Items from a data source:
━━━━━━━━━━━━━━━━━━━━
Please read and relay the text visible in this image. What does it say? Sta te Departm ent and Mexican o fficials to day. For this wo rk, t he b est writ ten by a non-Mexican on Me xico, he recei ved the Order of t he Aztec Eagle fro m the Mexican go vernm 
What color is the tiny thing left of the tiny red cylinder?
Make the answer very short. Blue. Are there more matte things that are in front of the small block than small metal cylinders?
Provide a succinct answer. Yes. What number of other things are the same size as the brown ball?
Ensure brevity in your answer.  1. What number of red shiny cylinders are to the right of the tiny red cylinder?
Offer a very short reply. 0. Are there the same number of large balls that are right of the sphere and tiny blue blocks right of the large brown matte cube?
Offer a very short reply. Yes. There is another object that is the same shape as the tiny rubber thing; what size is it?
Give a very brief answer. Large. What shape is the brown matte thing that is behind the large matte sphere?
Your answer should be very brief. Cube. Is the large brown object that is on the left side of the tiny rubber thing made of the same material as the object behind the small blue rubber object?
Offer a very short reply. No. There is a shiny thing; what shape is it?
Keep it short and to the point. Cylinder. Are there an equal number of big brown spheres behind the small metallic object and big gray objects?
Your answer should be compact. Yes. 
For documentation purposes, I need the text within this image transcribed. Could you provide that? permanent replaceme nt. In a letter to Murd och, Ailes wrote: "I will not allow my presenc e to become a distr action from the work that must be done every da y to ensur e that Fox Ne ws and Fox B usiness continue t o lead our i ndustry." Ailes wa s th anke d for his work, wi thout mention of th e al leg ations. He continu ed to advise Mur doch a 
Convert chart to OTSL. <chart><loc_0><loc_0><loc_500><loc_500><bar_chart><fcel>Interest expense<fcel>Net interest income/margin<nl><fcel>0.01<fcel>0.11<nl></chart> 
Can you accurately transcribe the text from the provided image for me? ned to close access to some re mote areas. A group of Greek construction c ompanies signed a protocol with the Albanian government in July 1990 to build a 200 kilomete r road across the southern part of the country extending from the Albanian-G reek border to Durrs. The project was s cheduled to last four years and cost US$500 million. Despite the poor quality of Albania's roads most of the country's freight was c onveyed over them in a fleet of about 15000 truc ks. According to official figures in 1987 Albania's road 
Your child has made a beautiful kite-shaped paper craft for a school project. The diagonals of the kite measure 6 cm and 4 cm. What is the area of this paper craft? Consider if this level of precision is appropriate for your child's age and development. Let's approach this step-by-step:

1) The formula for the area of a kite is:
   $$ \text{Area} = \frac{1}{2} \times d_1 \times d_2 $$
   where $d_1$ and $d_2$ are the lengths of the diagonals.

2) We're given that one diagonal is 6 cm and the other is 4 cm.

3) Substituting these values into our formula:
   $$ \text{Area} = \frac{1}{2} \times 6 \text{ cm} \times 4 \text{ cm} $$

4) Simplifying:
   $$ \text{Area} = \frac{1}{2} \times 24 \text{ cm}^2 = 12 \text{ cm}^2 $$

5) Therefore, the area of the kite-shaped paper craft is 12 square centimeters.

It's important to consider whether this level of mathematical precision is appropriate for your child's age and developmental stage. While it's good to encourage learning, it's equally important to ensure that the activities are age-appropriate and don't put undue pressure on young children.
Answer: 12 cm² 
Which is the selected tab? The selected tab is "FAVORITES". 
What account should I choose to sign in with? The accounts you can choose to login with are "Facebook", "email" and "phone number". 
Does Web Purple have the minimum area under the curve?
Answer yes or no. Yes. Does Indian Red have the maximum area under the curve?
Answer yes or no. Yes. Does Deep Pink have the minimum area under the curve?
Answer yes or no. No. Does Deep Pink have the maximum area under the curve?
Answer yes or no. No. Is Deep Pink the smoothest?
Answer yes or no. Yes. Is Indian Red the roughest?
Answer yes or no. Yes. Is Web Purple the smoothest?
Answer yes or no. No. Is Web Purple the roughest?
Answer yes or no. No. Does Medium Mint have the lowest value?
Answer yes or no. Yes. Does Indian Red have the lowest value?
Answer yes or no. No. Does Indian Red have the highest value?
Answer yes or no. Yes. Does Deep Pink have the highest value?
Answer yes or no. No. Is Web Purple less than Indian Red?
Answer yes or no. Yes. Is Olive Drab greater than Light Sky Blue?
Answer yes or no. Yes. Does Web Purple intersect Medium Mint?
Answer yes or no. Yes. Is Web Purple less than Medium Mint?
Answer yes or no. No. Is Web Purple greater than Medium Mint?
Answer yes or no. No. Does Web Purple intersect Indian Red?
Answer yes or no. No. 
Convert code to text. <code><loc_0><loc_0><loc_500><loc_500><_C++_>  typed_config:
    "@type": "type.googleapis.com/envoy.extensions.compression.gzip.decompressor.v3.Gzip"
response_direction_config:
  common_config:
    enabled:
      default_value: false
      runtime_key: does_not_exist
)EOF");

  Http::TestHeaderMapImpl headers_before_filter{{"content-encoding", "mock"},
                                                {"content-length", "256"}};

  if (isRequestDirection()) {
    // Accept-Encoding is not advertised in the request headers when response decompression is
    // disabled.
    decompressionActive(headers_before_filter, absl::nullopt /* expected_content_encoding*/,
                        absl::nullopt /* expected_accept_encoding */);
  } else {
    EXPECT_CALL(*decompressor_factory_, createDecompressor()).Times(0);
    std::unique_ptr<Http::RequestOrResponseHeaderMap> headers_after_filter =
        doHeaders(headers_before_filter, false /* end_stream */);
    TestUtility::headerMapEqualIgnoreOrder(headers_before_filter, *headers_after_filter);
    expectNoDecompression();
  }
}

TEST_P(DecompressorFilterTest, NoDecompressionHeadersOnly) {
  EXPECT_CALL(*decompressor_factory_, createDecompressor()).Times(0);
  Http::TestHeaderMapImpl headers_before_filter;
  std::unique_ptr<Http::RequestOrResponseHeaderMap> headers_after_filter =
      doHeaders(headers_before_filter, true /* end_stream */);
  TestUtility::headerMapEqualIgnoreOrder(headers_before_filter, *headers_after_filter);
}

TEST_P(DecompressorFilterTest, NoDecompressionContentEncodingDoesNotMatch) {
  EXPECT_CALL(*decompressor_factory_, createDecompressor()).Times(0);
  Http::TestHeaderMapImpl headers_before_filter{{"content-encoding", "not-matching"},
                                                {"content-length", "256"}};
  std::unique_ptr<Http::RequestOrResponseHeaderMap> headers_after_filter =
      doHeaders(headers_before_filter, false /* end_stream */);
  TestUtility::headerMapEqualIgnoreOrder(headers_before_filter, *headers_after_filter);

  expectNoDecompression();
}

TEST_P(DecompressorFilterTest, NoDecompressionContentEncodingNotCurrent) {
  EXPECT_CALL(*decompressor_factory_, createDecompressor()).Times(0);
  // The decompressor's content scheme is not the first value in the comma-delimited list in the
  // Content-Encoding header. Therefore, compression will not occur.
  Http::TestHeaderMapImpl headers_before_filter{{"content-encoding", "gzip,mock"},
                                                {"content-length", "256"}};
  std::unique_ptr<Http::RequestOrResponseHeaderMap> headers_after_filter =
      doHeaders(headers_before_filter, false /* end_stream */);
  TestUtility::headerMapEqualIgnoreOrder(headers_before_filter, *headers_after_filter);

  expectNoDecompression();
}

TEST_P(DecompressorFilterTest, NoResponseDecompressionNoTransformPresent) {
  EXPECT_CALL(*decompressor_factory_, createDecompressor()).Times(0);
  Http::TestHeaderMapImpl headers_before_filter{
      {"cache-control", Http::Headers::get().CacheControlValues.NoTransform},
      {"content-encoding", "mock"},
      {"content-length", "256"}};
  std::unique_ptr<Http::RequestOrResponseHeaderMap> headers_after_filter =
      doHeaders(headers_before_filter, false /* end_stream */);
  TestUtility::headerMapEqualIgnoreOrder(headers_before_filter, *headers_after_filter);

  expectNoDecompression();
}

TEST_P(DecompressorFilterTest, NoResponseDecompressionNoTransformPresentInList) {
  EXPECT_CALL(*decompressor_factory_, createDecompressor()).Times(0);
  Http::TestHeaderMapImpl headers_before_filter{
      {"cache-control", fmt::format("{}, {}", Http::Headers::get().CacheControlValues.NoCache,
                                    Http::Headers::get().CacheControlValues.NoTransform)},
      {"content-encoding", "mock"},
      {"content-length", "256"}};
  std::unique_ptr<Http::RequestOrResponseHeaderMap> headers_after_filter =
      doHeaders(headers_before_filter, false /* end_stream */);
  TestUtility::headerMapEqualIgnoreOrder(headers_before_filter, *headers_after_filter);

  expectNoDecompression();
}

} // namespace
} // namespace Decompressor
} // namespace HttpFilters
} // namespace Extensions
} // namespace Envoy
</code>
━━━━━━━━━━━━━━━━━━━━
■ **What you have to do**: Reproduce every line from the entries that holds the word "absl".

■ **Expected answer**:
    decompressionActive(headers_before_filter, absl::nullopt /* expected_content_encoding*/,
                        absl::nullopt /* expected_accept_encoding */);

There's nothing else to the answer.